**RECORD SET:**

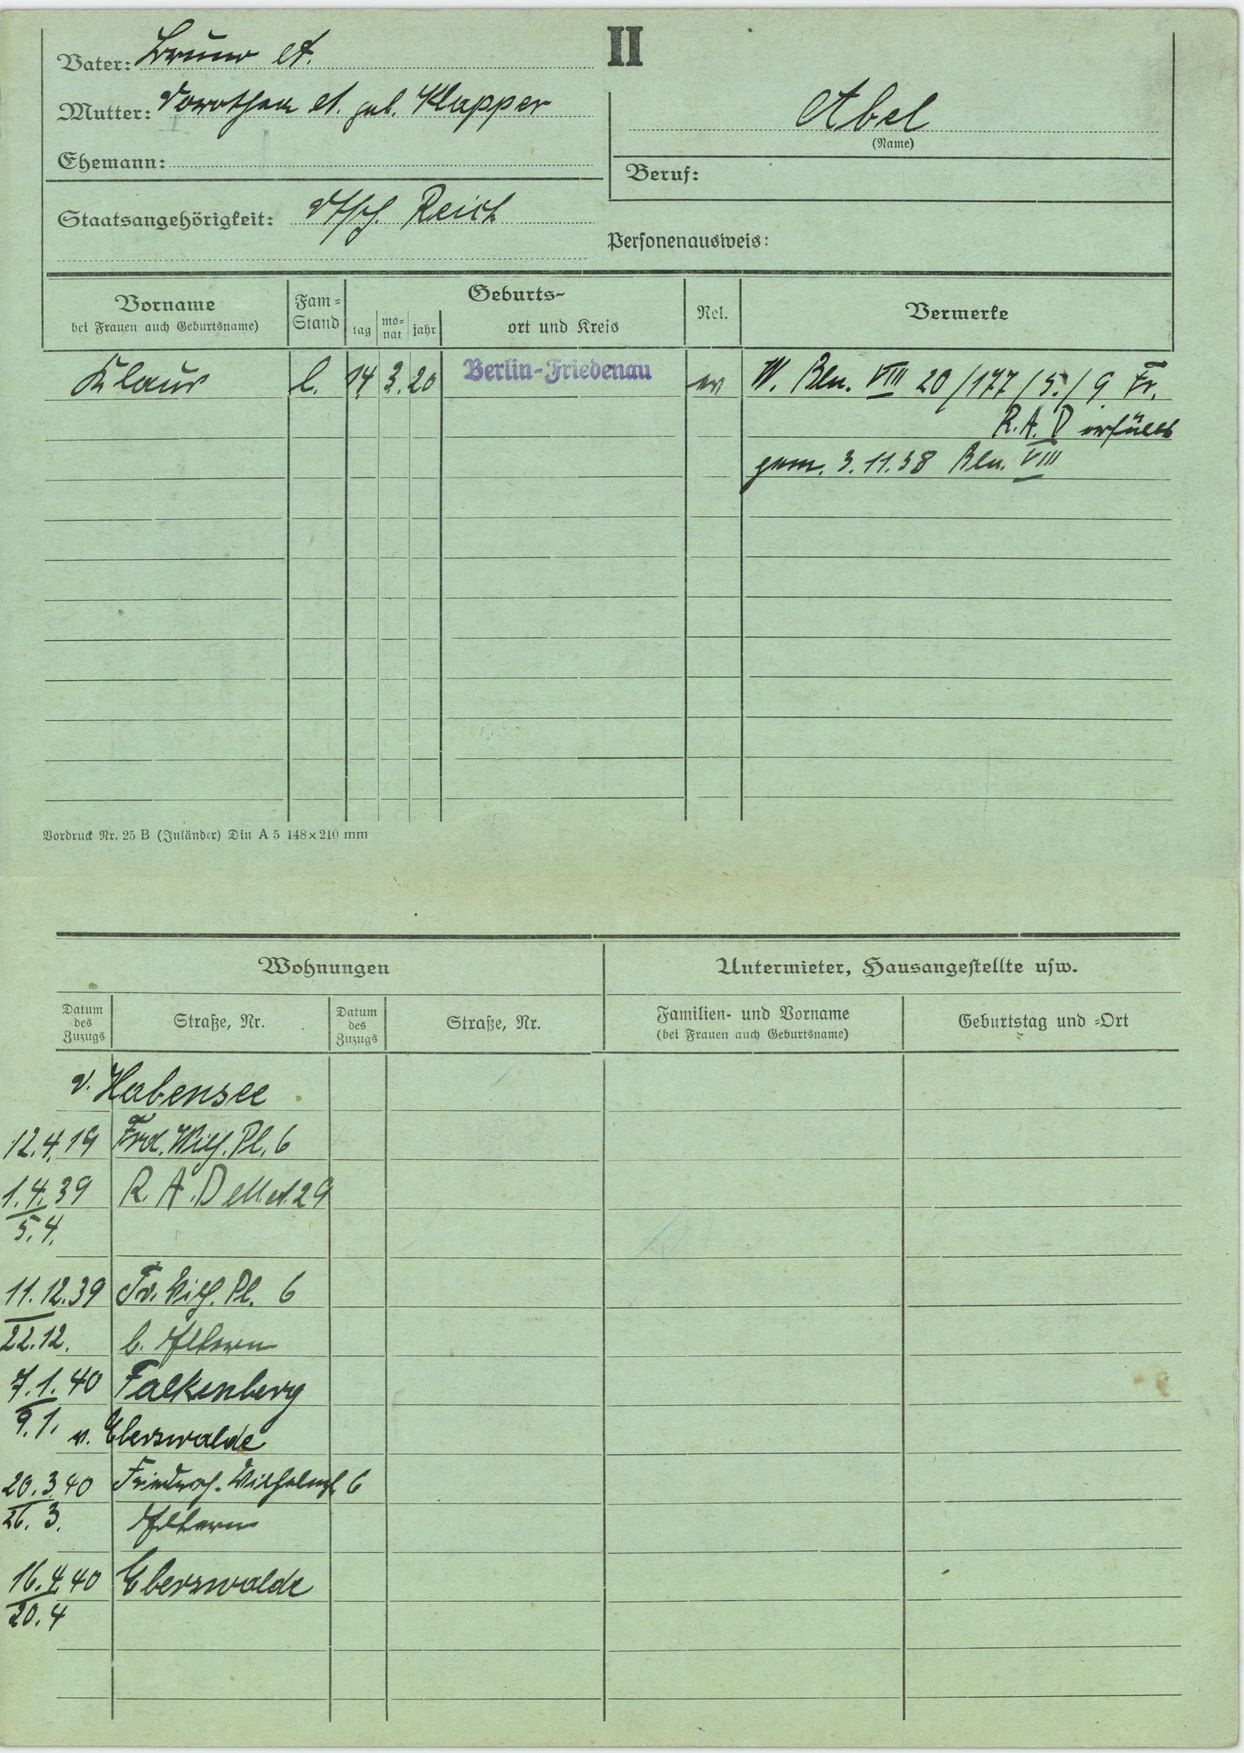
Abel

==

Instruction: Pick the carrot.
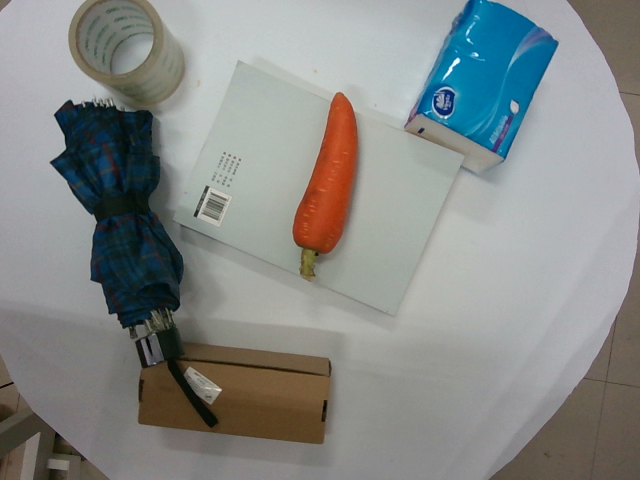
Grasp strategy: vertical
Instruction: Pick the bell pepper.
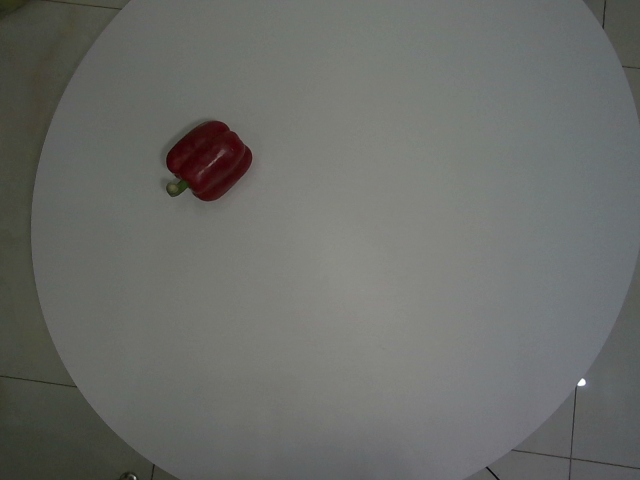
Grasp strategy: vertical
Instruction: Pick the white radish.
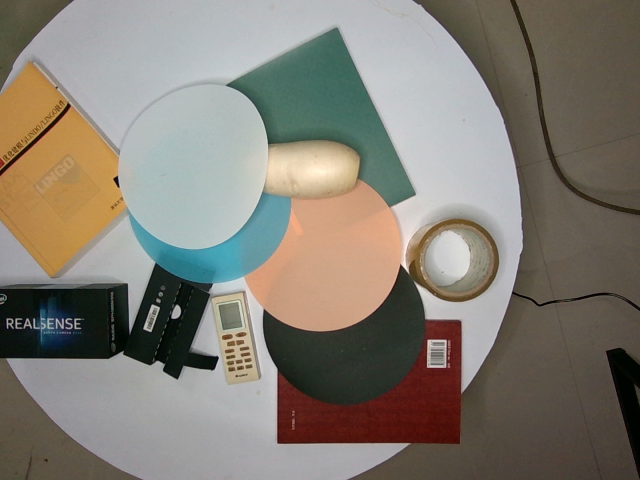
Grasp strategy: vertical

...

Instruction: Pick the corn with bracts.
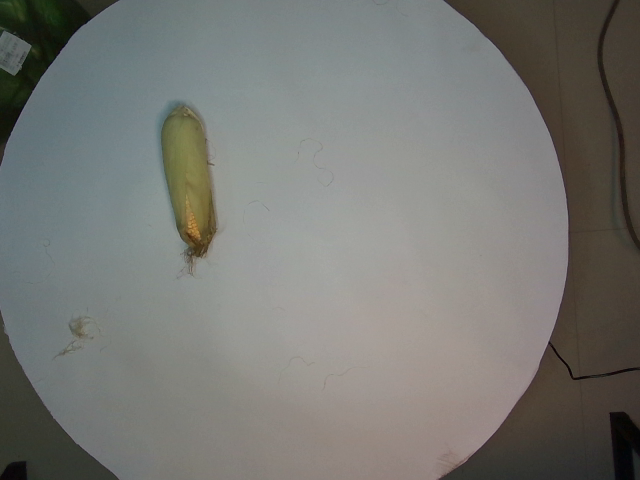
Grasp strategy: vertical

**PROBLEM TO SOLVE:**
Copy all lines from the material that include "Instruction".

**ANSWER TO THIS TASK:**
Instruction: Pick the carrot.
Instruction: Pick the bell pepper.
Instruction: Pick the white radish.
Instruction: Pick the corn with bracts.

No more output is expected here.